The bedroom was a simple, yet beautifully designed set with a few light blue walls with boat steering wheels on them, a few toys around the room and large furniture to make the performer look like a small child. The outdoor scenes were made of a few tree branches and some interesting lighting effects.

After intermission the performance continued with “Gianni Schicchi,” which is about a family whose cousin, Buoso, played by sophomore Shea Lueninghoener, passes away right before the beginning of the show. They are all in his room with his dead body lying in bed and they are grieving his loss, not for long though.

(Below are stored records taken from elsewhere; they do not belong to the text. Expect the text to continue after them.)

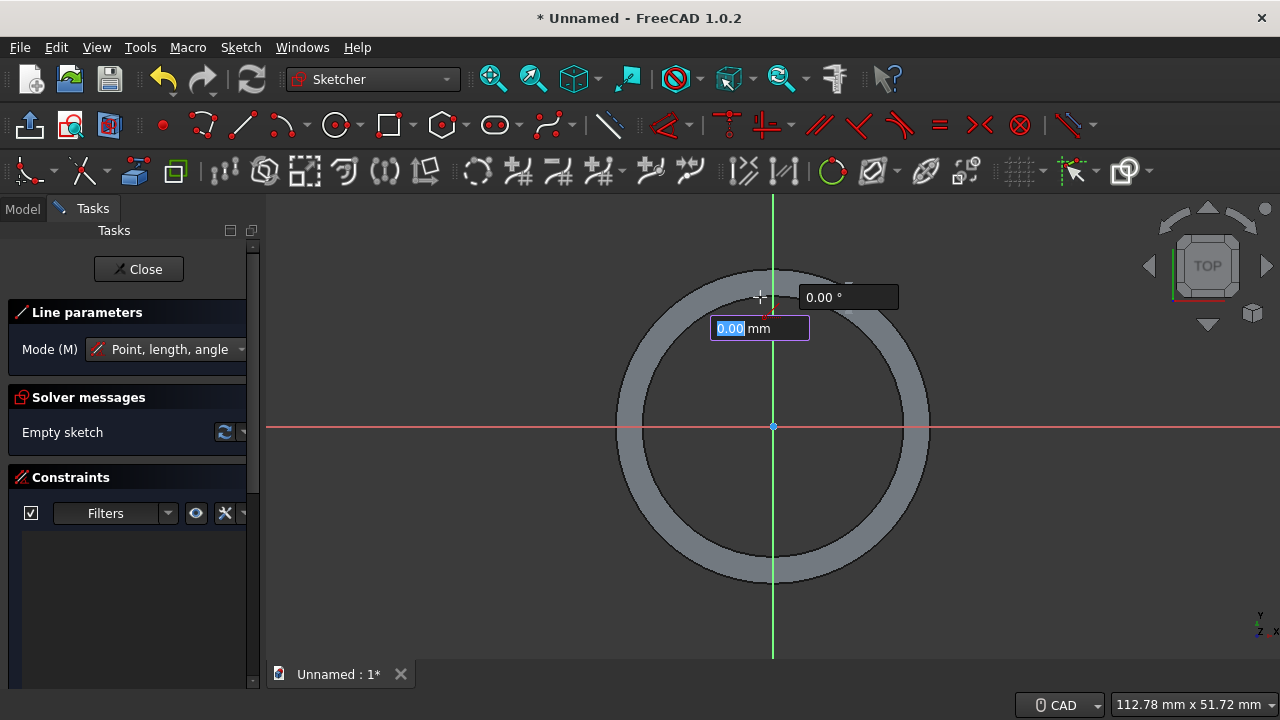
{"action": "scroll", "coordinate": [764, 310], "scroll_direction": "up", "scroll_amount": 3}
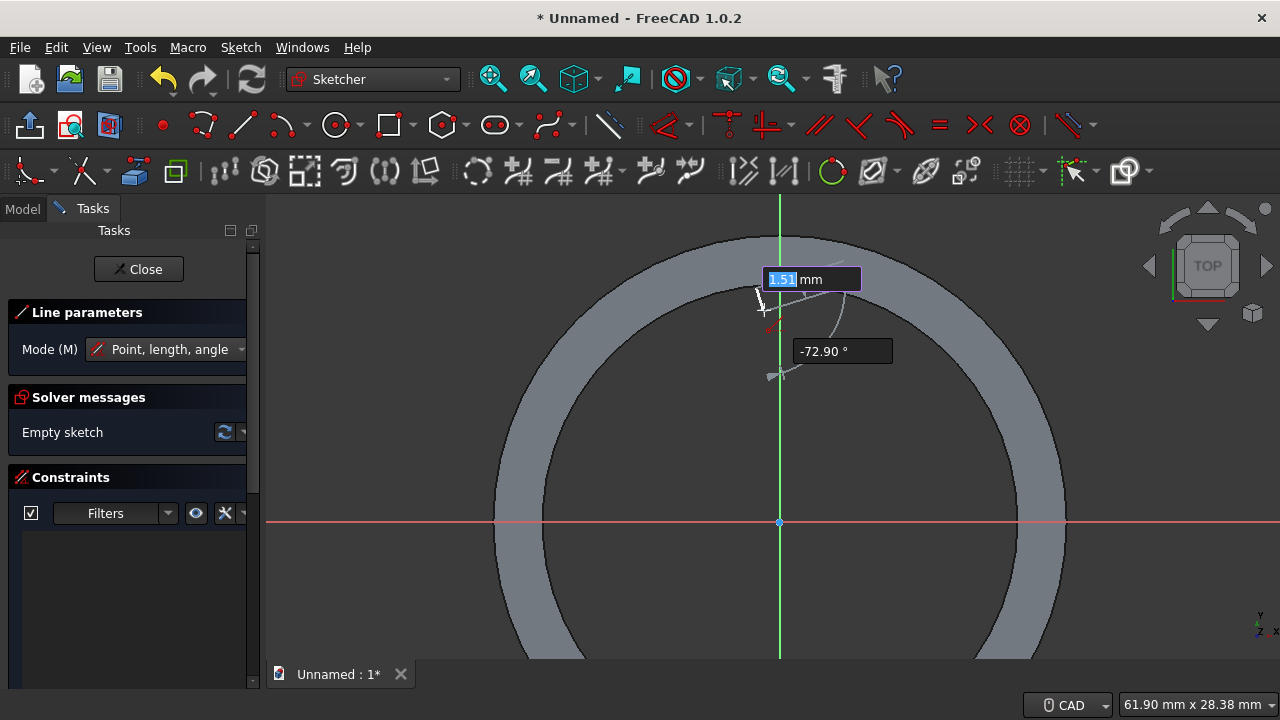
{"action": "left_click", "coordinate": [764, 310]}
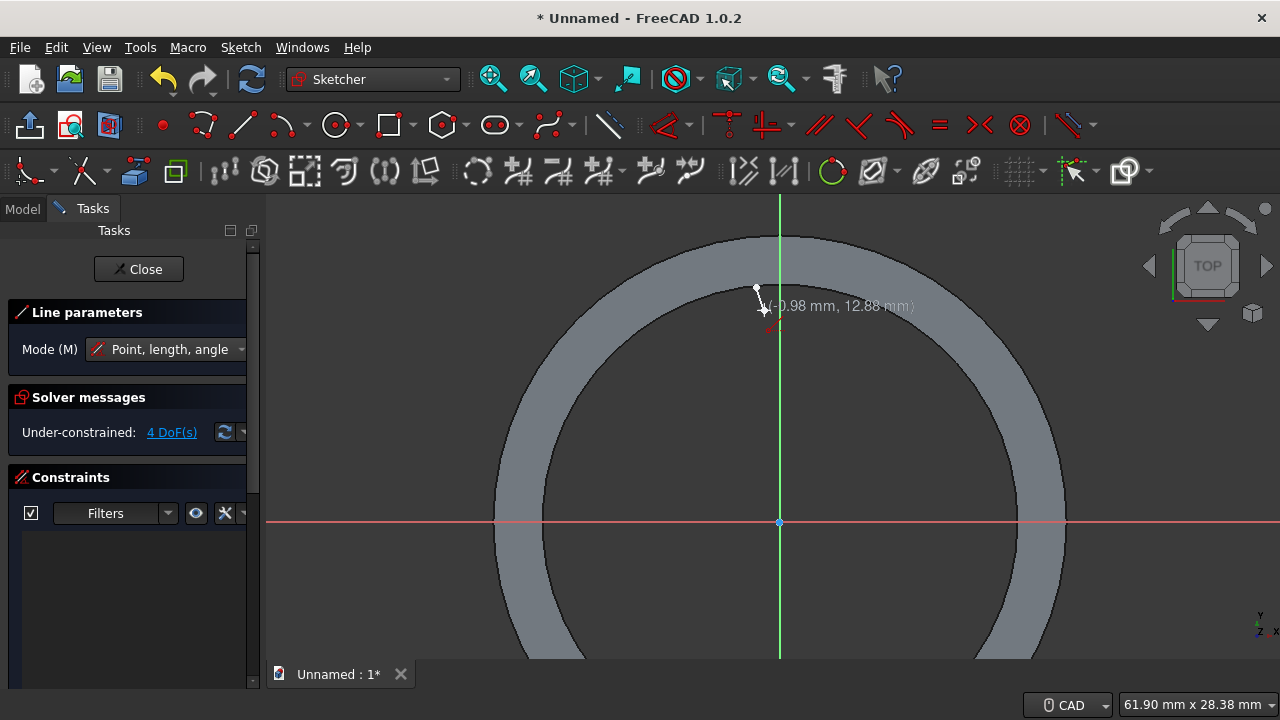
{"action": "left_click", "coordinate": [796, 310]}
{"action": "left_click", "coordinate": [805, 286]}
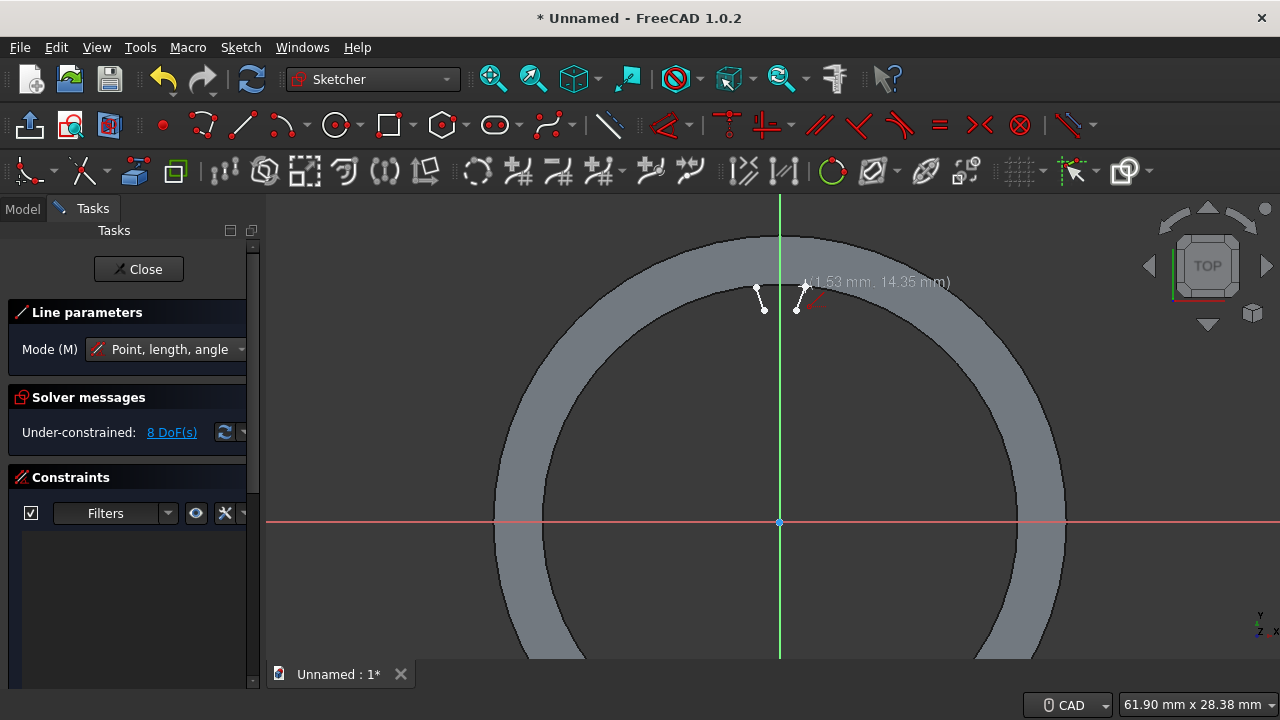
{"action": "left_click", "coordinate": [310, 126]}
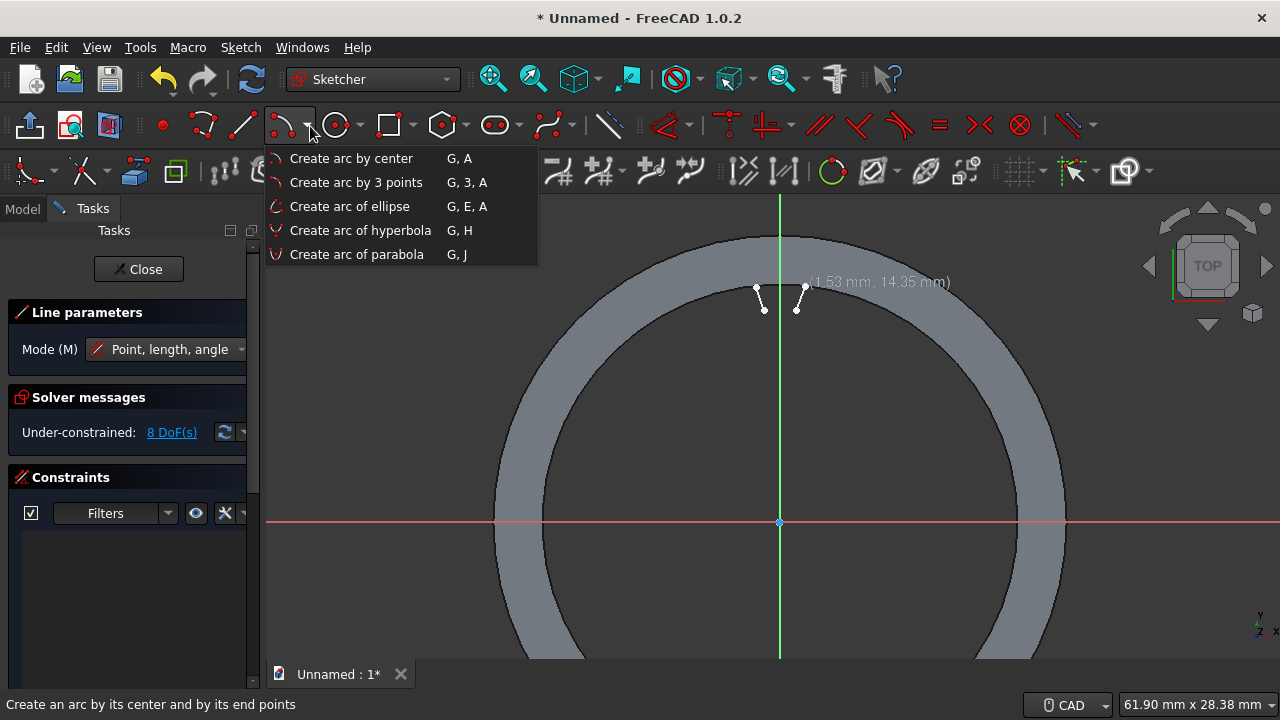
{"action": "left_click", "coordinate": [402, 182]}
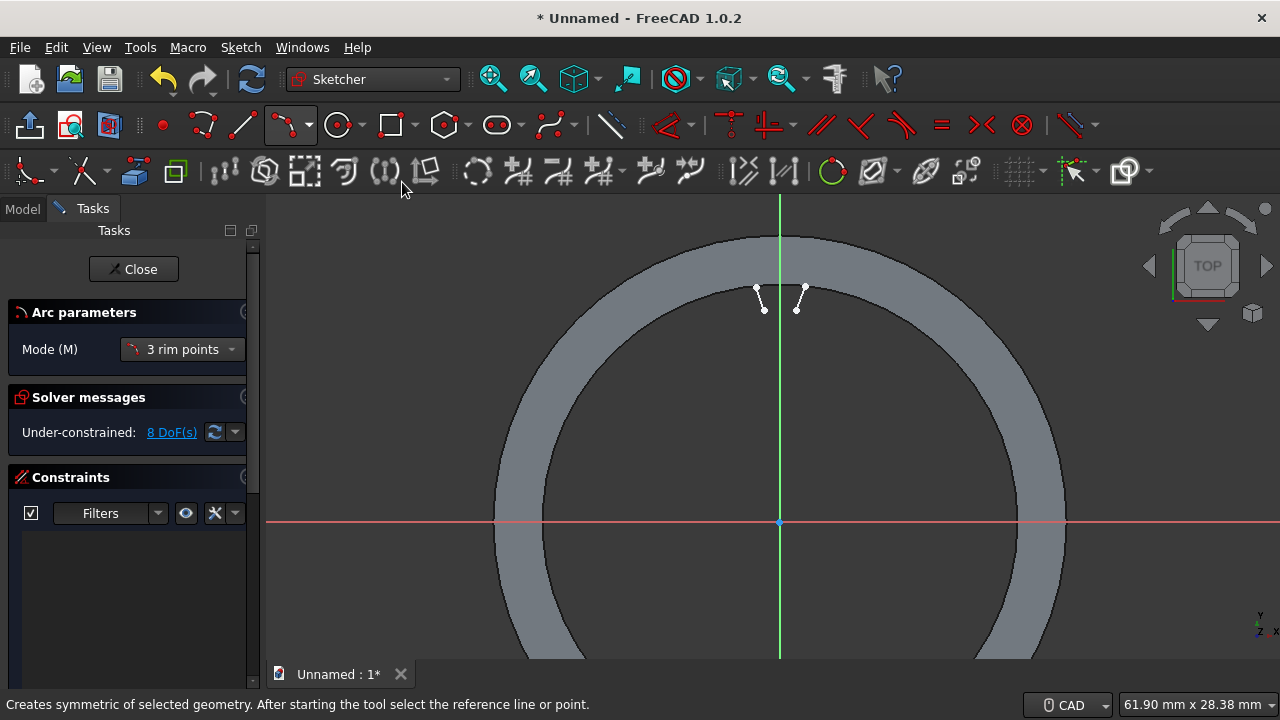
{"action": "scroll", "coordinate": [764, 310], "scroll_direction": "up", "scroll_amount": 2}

The family begins to wonder about the will Buoso left behind. Upon finding the will, the family is displeased and retrieve Gianni Schicchi, played by senior Ben Schaeffer to help create a new one.

Schicchi hatches a plan to change the will by pretending to be Buoso, whom the family has shoved into a cupboard. Schicchi, instead of choosing which member of the family gets the best of Buoso’s things, like the mansion, gives them to himself and allows his daughter Lauretta, played by both senior Randa Meierhenry and junior Hannah Carlson on alternating nights, to marry Simone, Buoso’s cousin’s nephew played by junior Brandon Douglas.

This production was entirely set in a bedroom with a rolling bed that was pushed around to look like a dance and some matching cabinets, one in which Buoso’s body spends almost the entirety of the show.

Both shows had wonderful performers whose voices worked together seamlessly, music that left this reviewer in goose bumps and stories that left the audience both laughing and with moments of seriousness and complete concentration throughout. This is one show that has something for everyone to enjoy.